I have read the key posts about rats, poisons, traps etc. I already have 2 cats who are good hunters. I know there are rats in the general area ( building site nearby ) The cats do catch them occasionally, but I don't want to build them a nice new home either!!!!

Thanks in advance


----------



## Sue Ellen (13 Sep 2008)

Hi June,

You may have seen some of  threads already.


----------



## neets (18 Sep 2008)

we had a couple of rats which got in under our decking so we dug all down the length of the decking, where it meets the garden, about 1-1/2 feet down and nailed a thick, small holed wire mesh to the side, then filled back in with soil. we also put this mesh on either side of the decking, between ourselves and the neighbours' fencing. 

we've had no problems with rats since. we also put this mesh all around the garden shed to stop them nesting underneath. i think we got it in woodies. 

hope this helps!


----------



## ophelia (18 Sep 2008)

Maybe you could try one of these: http://www.pestrepellerultimate.com/google.htm
American things, but I'm sure it would work the same for Irish rats


----------



## minion (18 Sep 2008)

i think your cats will be enough.  As long as they have room to get under the decking i doubt you'll ever get rats in there.


----------



## Toby (18 Sep 2008)

I dunno, we have a local rat that visits our garden daily and he hasn't stopped a rat hotel from developing under our deck 

Maybe cats are effective if they live on the property though?


----------



## GoldWings (19 Sep 2008)

If you can compact the base very tightly with pebbles - i.e. jam it so nothing can move in that space, then you should be in good steed.


----------



## johnnyg (19 Sep 2008)

a wall of broken glass layed in a layer of concrete will stop them using your deck as a home as entry/exi from the deck would result in severe cuts, if doing this ensure little hands can't put there own hands in, so mesh wire would also be appropriate or a finishing board around the deck


----------



## Sherman (19 Sep 2008)

johnnyg said:


> a wall of broken glass layed in a layer of concrete will stop them using your deck as a home as entry/exi from the deck would result in severe cuts, if doing this ensure little hands can't put there own hands in, so mesh wire would also be appropriate or a finishing board around the deck


 
This won't keep rats away - if they want in, they'll get in.  Leave it to the cats and they'll sort it quicker and more efficiently than any other method - if rats do take up residence, the cats will just sit by the exit / entry hole used by the rats and methodically pick off each rat over a short period of time.  Rat numbers will also decrease once the building work nearby comes to an end.


----------



## PADDYBOY99 (21 Sep 2008)

Had this problem and back filled the perimeter of the decking with concrete. no sign of rats since and that was about five years ago .


----------



## lazylump (21 Sep 2008)

I heard my 8 year daughter who is an animal lover crying and screaming at one of our cats yaterday.
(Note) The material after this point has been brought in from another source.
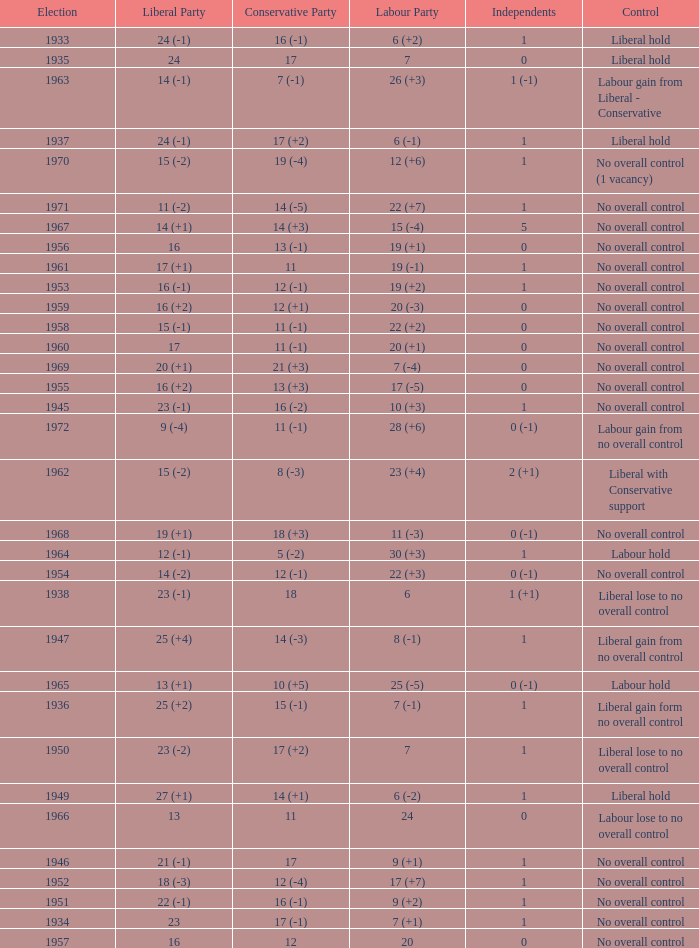What is the number of Independents elected in the year Labour won 26 (+3) seats? 1 (-1).

I eventually went out into the garden to see what was happening and found her with a daized young rat. The rat was up on its back legs and she was rubbing its head after taking it away from our cat. I told her to leave it with the cat but she would not have it so I picked it up with a spade and launched it into the neighbouring field.
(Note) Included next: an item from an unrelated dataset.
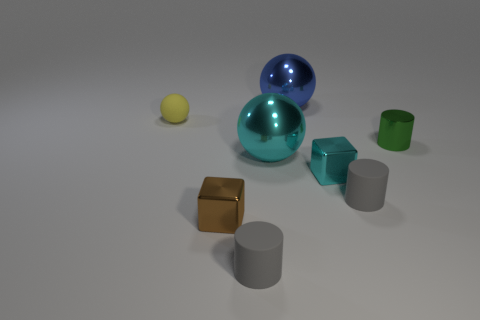Can you describe the lighting in this scene? The lighting in the scene appears to be diffused and soft, casting gentle shadows directly beneath the objects with no harsh contrasts, suggesting an overcast or filtered light source.

I know this doesn't really help but I just though i'd tell you since you were talking about rats.


----------



## PADDYBOY99 (22 Sep 2008)

Youy should have hit it with the spade. Then again prob not the best idea  with your 8 year old looking on.


----------



## lazylump (22 Sep 2008)

PADDYBOY99 said:


> Youy should have hit it with the spade. Then again prob not the best idea with your 8 year old looking on.


 
There are many ways to launch a rat.


----------